= Buck Page =

Buck Page (June 18, 1922 – August 21, 2006) was an American guitarist and multi-instrumentalist who founded the western band Riders of the Purple Sage, one of three unrelated bands by that name.

==Life==
Buck Page was born in Pittsburgh, Pennsylvania in 1922. He began his performing career at age 11, as a string bass and rhythm guitar player for a western band called The Valley Ranch Boys. He then established his own group, the Riders of the Purple Sage – named for Zane Grey's novel by that title – in 1936. The Riders were a quartet that played on Pittsburgh's KDKA radio station. In 1939, the band moved to New York City, where they performed on radio station WOR and at the Village Barn nightclub.

Page served in the U.S. Navy during World War II. During the war, Californian singer Foy Willing organized an unrelated western band using the name Riders of the Purple Sage Foy Willing; however, Willing disbanded his Riders in 1952, and Page resumed using the Riders of the Purple Sage name in the early 1960s. Willing's Riders were the most commercially successful band by the "Riders of the Purple Sage" name, and Page's manager Gary Bright has stated that Page's Riders are sometimes mistakenly credited for pieces by Willing's band.

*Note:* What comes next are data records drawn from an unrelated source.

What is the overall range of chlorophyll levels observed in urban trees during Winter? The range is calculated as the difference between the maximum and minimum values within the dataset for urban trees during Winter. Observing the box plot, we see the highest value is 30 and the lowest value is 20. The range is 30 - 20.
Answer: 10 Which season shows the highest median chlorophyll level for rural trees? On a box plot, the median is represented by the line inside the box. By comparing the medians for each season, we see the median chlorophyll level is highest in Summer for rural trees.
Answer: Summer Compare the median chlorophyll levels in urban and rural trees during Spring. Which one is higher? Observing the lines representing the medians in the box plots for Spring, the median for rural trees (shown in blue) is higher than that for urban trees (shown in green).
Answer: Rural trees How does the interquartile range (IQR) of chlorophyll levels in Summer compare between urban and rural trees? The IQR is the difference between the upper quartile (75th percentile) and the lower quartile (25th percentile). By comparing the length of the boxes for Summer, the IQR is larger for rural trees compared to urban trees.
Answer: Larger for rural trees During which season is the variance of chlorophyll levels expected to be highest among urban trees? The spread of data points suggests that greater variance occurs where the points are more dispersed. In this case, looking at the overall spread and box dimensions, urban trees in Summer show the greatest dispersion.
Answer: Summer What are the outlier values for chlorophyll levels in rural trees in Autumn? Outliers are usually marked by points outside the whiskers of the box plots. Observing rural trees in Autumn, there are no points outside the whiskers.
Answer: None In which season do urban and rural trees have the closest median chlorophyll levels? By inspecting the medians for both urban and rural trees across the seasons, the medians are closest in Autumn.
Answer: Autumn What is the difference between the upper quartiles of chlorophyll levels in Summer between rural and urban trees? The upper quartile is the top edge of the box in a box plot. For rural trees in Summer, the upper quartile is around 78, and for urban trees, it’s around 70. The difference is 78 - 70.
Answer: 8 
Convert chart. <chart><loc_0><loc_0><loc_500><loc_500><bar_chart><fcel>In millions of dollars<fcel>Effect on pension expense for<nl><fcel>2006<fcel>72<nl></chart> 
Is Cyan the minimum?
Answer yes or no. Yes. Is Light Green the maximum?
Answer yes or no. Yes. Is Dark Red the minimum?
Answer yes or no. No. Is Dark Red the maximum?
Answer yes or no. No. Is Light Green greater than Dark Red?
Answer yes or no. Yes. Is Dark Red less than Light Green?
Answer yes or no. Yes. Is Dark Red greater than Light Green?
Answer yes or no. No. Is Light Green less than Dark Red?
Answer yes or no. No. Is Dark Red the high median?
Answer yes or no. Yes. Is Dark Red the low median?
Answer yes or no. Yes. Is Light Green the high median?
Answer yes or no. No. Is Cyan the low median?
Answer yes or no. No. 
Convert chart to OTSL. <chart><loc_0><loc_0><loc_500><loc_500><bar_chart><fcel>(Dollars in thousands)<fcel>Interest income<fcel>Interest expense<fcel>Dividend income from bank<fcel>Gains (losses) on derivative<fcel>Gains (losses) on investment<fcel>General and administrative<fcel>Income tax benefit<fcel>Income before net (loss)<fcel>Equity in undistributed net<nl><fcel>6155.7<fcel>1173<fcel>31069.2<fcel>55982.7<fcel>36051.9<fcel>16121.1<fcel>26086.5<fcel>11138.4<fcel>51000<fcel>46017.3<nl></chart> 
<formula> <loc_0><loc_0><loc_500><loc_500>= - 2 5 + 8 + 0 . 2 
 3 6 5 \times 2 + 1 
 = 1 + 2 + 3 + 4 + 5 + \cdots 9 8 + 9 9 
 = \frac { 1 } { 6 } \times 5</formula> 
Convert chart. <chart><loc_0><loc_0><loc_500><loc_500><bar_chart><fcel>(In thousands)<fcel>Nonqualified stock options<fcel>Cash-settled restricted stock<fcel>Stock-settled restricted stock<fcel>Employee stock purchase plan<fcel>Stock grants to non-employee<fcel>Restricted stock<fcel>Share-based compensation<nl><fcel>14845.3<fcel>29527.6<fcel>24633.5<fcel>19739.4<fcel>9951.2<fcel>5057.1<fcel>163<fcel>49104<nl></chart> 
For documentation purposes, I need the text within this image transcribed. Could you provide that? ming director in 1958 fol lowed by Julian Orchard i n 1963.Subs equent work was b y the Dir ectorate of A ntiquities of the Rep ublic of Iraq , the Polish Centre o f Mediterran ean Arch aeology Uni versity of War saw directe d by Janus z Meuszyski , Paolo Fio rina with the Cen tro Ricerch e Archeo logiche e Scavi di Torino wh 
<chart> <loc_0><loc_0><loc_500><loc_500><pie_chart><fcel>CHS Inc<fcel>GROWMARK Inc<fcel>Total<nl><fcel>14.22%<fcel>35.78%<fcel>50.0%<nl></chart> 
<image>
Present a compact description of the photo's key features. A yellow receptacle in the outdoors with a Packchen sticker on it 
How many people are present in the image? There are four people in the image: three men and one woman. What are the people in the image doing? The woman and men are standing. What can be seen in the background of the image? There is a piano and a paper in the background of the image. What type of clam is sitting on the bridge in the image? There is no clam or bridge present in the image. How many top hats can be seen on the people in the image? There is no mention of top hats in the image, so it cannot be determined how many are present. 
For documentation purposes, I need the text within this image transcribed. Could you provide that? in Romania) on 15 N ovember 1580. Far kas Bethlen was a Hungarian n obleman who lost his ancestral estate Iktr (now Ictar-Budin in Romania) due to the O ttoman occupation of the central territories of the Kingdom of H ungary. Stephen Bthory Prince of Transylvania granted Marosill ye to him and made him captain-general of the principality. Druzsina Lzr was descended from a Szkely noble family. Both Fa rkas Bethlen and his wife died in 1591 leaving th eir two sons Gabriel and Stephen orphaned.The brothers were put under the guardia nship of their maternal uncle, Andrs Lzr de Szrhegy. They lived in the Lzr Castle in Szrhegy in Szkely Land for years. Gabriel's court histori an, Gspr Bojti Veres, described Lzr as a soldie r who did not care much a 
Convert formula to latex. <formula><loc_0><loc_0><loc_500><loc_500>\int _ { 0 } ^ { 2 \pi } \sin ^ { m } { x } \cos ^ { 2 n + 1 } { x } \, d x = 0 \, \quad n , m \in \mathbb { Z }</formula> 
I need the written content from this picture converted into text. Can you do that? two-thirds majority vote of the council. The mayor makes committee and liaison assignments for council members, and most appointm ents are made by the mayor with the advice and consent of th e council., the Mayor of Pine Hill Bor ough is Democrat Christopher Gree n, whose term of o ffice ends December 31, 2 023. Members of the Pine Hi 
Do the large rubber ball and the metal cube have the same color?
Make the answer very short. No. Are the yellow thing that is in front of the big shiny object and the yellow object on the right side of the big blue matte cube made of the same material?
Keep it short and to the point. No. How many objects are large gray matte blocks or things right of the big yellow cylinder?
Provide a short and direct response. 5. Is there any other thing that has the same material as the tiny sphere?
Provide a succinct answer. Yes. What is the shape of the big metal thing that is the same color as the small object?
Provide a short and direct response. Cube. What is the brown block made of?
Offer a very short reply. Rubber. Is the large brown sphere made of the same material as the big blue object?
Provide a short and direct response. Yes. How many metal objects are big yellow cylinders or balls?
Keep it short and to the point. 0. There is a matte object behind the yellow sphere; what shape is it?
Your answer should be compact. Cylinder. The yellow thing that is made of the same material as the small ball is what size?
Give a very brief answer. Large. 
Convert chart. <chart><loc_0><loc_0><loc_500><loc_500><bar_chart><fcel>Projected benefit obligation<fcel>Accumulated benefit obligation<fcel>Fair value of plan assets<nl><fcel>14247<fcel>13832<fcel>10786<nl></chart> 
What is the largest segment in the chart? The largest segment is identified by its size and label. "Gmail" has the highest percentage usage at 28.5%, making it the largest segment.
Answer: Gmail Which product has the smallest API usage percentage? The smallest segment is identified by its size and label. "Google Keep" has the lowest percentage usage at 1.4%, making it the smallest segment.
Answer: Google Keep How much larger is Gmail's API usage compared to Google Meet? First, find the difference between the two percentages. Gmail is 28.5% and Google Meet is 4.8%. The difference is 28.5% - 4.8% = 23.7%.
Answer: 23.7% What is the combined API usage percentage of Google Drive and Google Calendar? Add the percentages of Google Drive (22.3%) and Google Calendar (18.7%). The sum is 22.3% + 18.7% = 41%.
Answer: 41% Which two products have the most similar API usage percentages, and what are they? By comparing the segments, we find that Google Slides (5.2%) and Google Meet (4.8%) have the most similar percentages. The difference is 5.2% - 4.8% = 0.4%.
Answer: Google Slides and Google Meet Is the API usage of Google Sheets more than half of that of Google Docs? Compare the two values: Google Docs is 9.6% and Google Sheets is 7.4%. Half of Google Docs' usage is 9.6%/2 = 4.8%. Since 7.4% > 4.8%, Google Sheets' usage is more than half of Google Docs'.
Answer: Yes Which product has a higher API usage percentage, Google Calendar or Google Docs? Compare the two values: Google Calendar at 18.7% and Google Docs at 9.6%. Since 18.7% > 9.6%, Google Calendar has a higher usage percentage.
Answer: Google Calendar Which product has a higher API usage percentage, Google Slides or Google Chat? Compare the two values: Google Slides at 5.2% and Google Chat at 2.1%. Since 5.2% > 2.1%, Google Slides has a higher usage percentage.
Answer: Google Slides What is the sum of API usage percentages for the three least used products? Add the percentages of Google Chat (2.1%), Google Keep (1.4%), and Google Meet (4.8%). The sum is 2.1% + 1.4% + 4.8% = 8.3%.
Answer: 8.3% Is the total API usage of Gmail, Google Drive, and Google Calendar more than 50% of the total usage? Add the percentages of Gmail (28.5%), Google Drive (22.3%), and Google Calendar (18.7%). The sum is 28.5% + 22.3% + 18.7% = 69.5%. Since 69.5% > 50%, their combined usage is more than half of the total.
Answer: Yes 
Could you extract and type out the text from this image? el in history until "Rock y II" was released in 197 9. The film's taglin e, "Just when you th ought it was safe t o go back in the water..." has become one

In the 1950s, Page moved to California, where he found work as a studio musician. He played guitar on the theme songs of Bonanza and 77 Sunset Strip, and also contributed music to Tales of Wells Fargo, Wagon Train, and Laramie. After reforming the Riders of the Purple Sage, Page also recorded three studio albums with the band.

Page received the Country/Western Living Legend Award from the North American Country Music Associations International in 2001. Throughout his life, Page emphasized the distinction between country music and western music, once telling the Los Angeles Times:
You're either country or you're western. We sing about the Grand Canyon, cows, and girlfriends back home. We don't sing about the girl at the corner bar. We don't cry in our beer.

Page's first and only solo album, Right Place to Start, was released in December 2005. He performed his last public concert was in Scottsdale, Arizona in July 2006, at a National Day of the Cowboy celebration.

Page died at his home in Burbank, California on August 21, 2006. His death was attributed to natural causes.